• GIVEN DATA
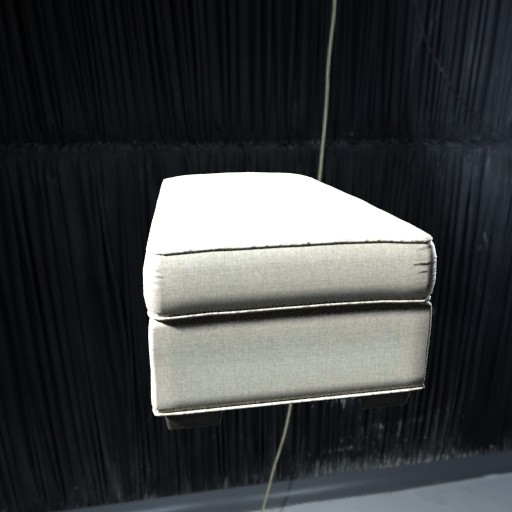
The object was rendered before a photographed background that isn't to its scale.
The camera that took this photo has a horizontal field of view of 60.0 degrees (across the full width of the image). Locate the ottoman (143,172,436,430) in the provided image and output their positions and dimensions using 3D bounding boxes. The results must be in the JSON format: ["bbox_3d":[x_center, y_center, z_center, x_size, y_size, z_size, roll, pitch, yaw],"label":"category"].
[{"bbox_3d":[0.000,0.000,1.427,0.617,0.448,1.097,-3,18,-9],"label":"ottoman"}]

• WORK ITEM
The listing is to be reproduced in full and exactly, except that its pictures are to be dropped.

• RESPONSE BOX
The object was rendered before a photographed background that isn't to its scale.
The camera that took this photo has a horizontal field of view of 60.0 degrees (across the full width of the image). Locate the ottoman (143,172,436,430) in the provided image and output their positions and dimensions using 3D bounding boxes. The results must be in the JSON format: ["bbox_3d":[x_center, y_center, z_center, x_size, y_size, z_size, roll, pitch, yaw],"label":"category"].
[{"bbox_3d":[0.000,0.000,1.427,0.617,0.448,1.097,-3,18,-9],"label":"ottoman"}]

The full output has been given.